- [Task details]: Copy out precisely the line that holds "And the person (392,379,490,609)." and all the lines following it in the data, up to and including the last one, and no others.

[Dataset items]
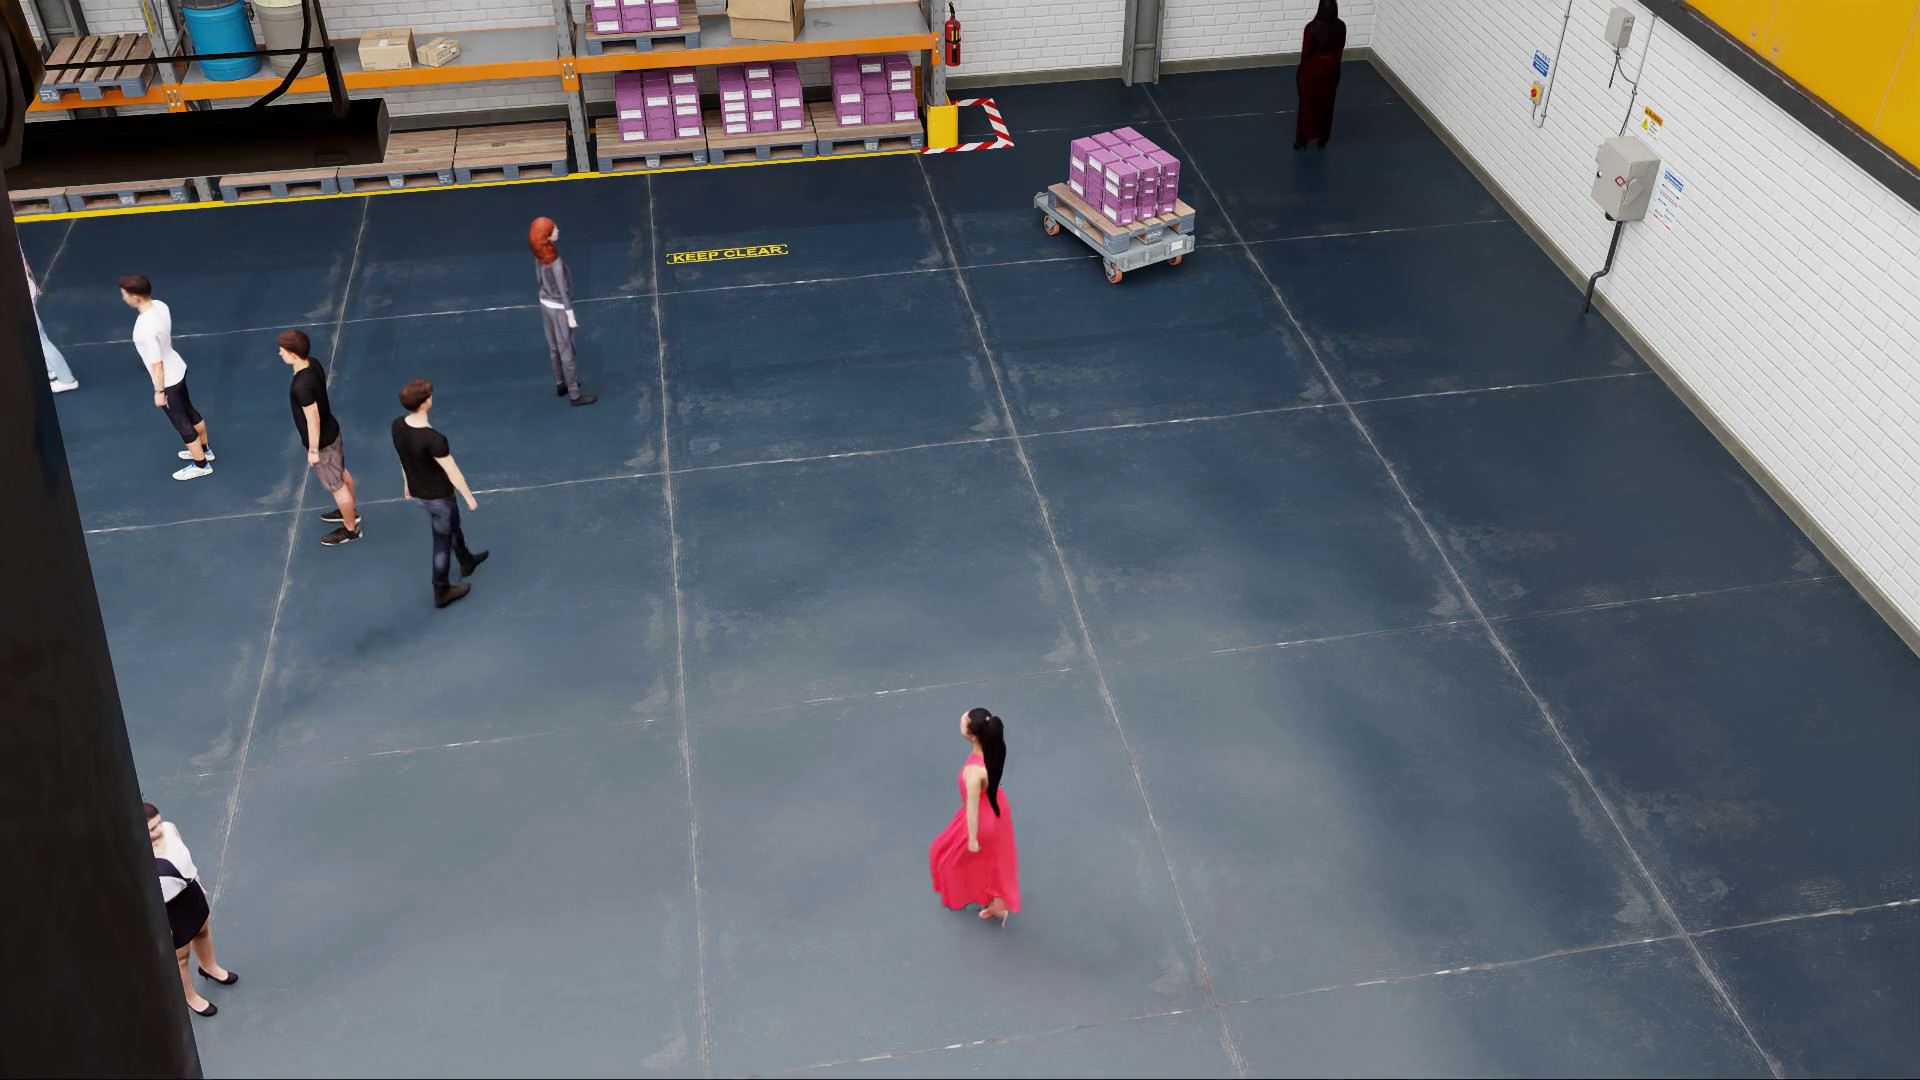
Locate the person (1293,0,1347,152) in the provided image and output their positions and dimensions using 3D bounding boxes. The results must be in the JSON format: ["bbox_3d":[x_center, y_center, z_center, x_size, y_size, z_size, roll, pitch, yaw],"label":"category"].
[{"bbox_3d":[3.973,-5.149,18.352,0.551,1.757,0.730,-9,40,-12],"label":"person"}]

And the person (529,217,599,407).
[{"bbox_3d":[-3.474,-1.980,14.366,0.655,1.779,0.655,-26,46,-29],"label":"person"}]

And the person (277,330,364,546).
[{"bbox_3d":[-4.932,-0.813,12.838,0.588,1.862,0.675,-9,39,-11],"label":"person"}]

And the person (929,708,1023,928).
[{"bbox_3d":[0.214,1.688,9.837,0.909,1.699,0.822,18,42,21],"label":"person"}]

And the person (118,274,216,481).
[{"bbox_3d":[-6.431,-1.346,13.511,0.541,1.855,0.650,-6,39,-8],"label":"person"}]

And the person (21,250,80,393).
[{"bbox_3d":[-8.073,-2.103,14.475,0.691,1.835,0.696,-8,39,-10],"label":"person"}]

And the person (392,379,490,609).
[{"bbox_3d":[-3.919,-0.293,12.175,0.981,1.876,1.044,24,44,27],"label":"person"}]

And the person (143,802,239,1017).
[{"bbox_3d":[-4.442,2.069,9.402,0.620,1.647,0.615,7,39,9],"label":"person"}]

- [Solution]:
And the person (392,379,490,609).
[{"bbox_3d":[-3.919,-0.293,12.175,0.981,1.876,1.044,24,44,27],"label":"person"}]

And the person (143,802,239,1017).
[{"bbox_3d":[-4.442,2.069,9.402,0.620,1.647,0.615,7,39,9],"label":"person"}]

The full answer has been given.